Jennifer Gould
Jennifer Gould is an award-winning journalist and author who writes weekly columns for the New York Post with a specialty in real estate and global financial corruption. Her coverage stands out for treating property not just as square footage and price, but as a stage where celebrity, culture and global money flows meet, from trophy homes and restaurant deals to stories about how real estate is used to move and hide wealth. She writes the weekly Side Dish and Gimme Shelter columns, giving her beat a consistent, voice-driven lens that blends market scoops with lifestyle and power dynamics.

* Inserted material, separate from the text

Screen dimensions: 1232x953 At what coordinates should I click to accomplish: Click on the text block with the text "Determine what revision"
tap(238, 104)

Gimme Shelter: luxury listings and trophy homes
Gould’s Gimme Shelter work focuses on high-end residential listings and sales, with a strong emphasis on the personality and history behind each property. She regularly covers homes tied to entertainment figures, such as a story on a former Disney+ executive seeking $9.25 million for a “stunningly preserved” historic Los Angeles home. Her reporting also highlights celebrity-adjacent neighborhoods and star-powered cachet, as in a piece on a $35 million Golden Beach, Florida waterfront home whose neighbors include Mexican billionaire Carlos Slim and rapper French Montana.
Historic and culturally significant homes are a recurring thread. Gould has written about an LA home built for Hollywood icon Jean Harlow that is on the market for $16.8 million, framing the listing through the property’s 1932 origins, architectural style and fast-built backstory. She has covered a former John Steinbeck home offered for sale, noting details such as the inclusion of the author’s old desk, and using those specifics to show how literary heritage is packaged into a modern real estate pitch. In another piece, she reported on two connected historic West Village townhouses marketed for $15 million, describing how their combined 39-foot frontage would create a rare megamansion and tying that configuration to broader billionaire trends in the neighborhood.

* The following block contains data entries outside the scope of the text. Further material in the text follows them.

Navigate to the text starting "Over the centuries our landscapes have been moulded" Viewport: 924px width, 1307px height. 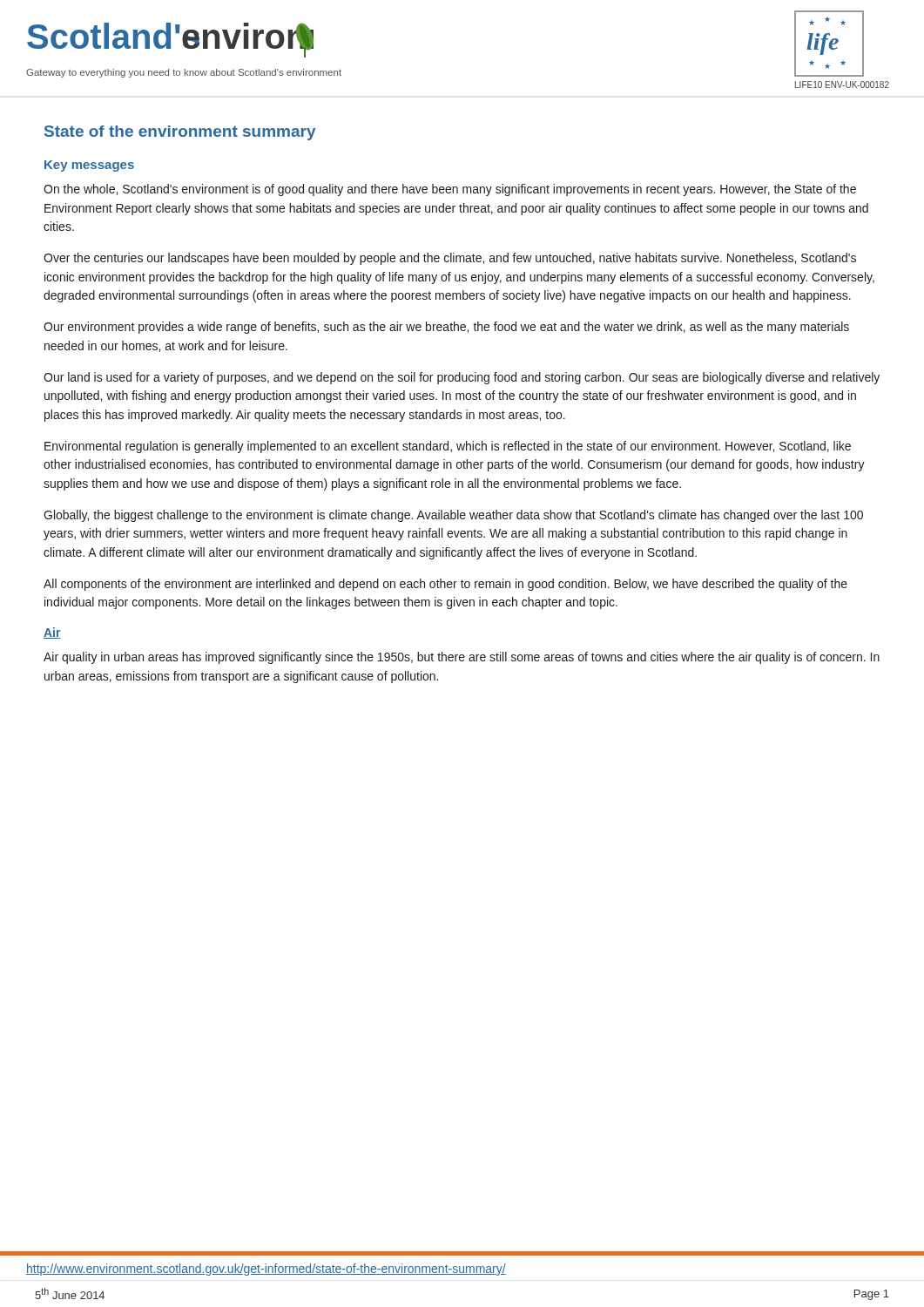459,277
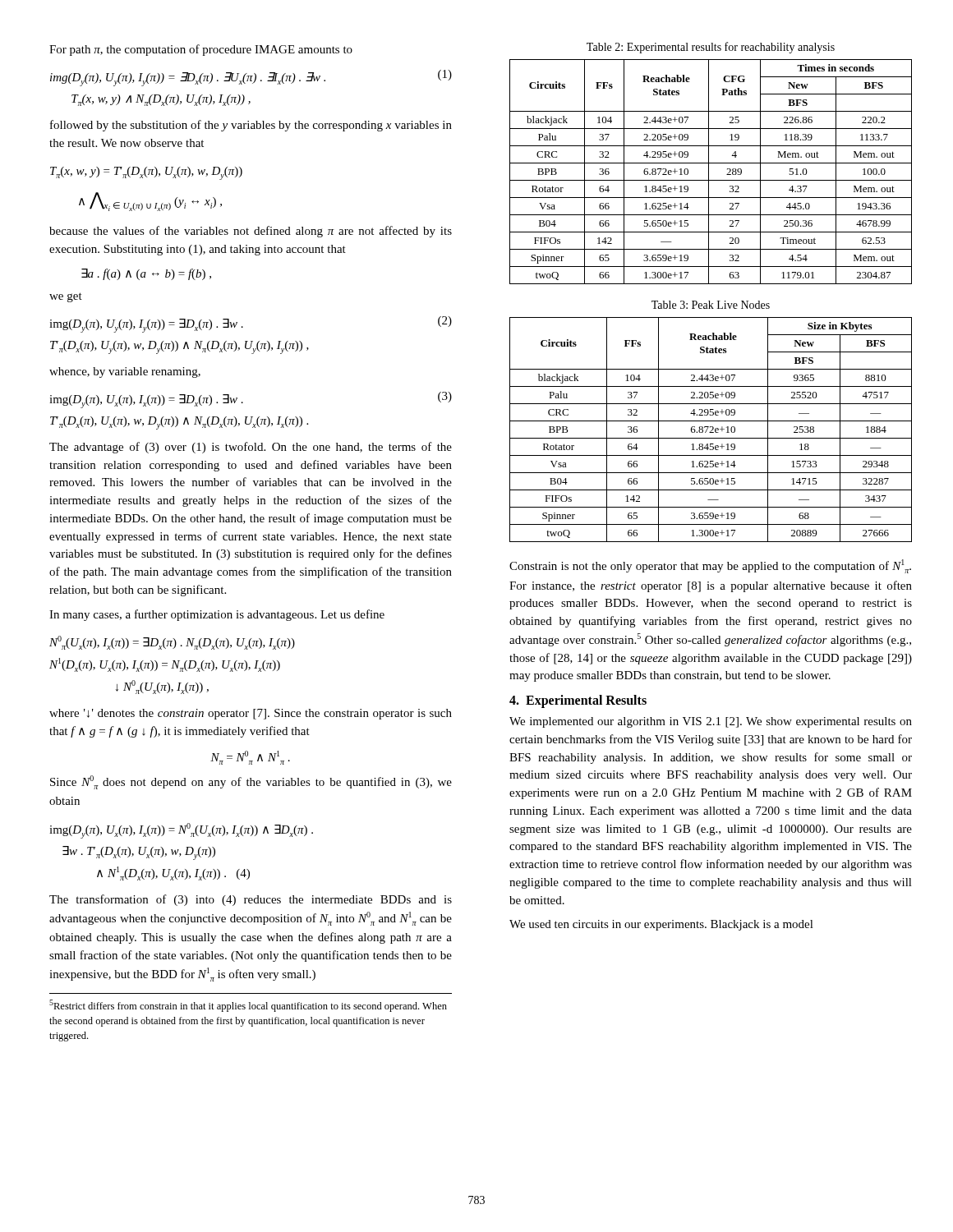The height and width of the screenshot is (1232, 953).
Task: Locate the formula that opens with "img(Dy(π), Ux(π), Ix(π)) = ∃Dx(π) . ∃w"
Action: pyautogui.click(x=251, y=411)
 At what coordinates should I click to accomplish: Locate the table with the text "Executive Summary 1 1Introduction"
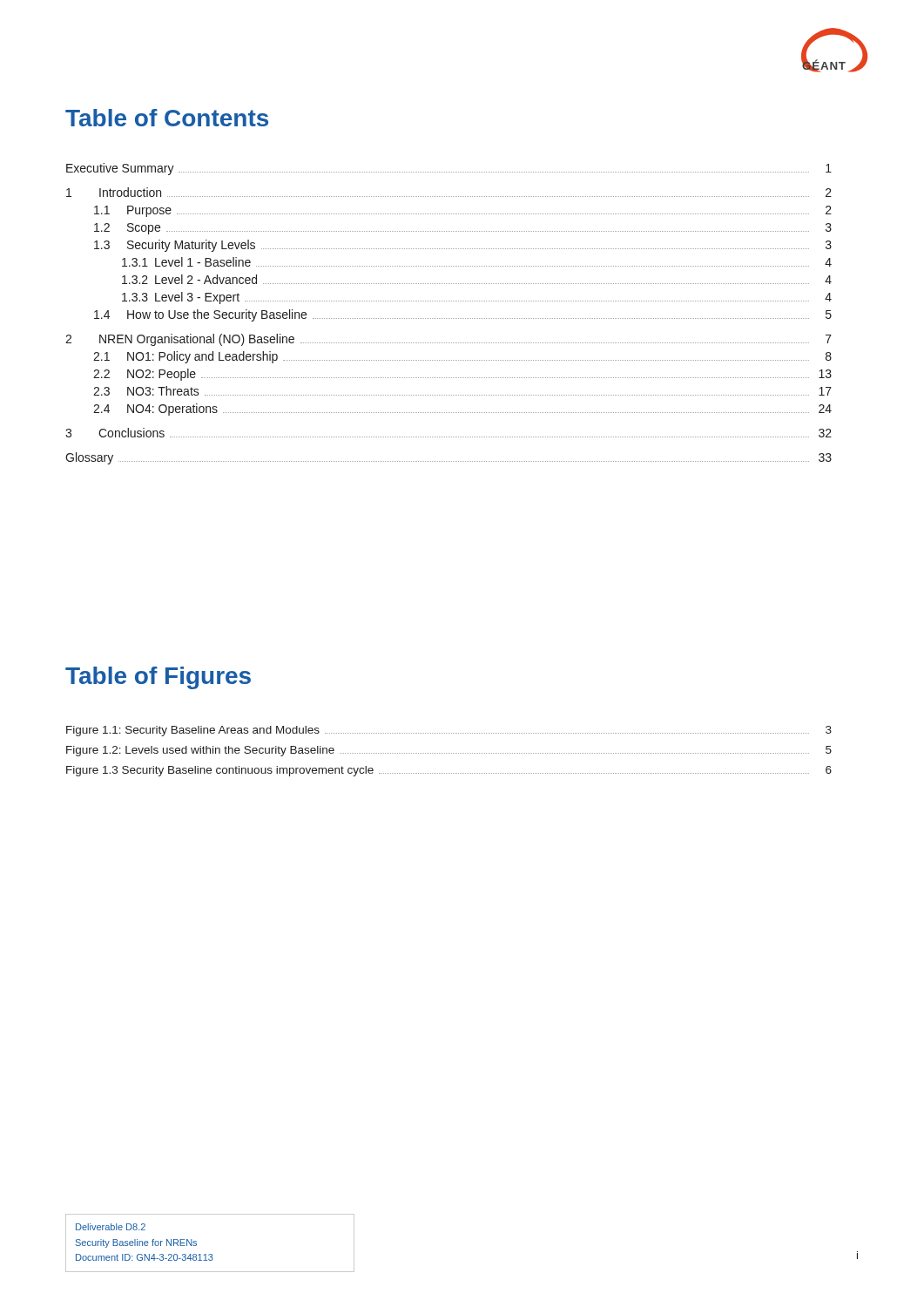tap(449, 315)

Across these stories, Gould consistently anchors her reporting in price, location, square footage and design, but distinguishes herself by foregrounding the narrative value of owners, neighbors and history. Her luxury coverage reads less like listing copy and more like a map of who and what confers status on a property, whether that is a classic Hollywood name, a Nobel-winning author, or ultra-wealthy figures on the same block.
Real estate and global financial corruption
Beyond individual listings, Gould’s beat explicitly includes money laundering and global financial corruption, a dual focus that is unusual for a real estate columnist. Her work has examined how high-end property functions as an instrument of geopolitical power and sanctions, including coverage of efforts by U.S. senators to target associates of Vladimir Putin through restrictions on their real estate holdings. That story treats homes not as lifestyle assets but as levers in foreign policy, showing how ownership structures, shell companies and luxury addresses intersect with the enforcement of sanctions.
This strand of her reporting links the glamour of multimillion-dollar homes to the darker side of global finance, reflecting an interest in following money beyond the listing sheet. Public professional profiles underscore that her coverage encompasses real estate, money laundering and global financial corruption, suggesting a sustained commitment to connecting day-to-day property news with systemic issues of illicit capital and enforcement. As a result, she occupies a hybrid space on the beat: part luxury real estate columnist, part reporter on how those assets can be used to store, move or obscure wealth.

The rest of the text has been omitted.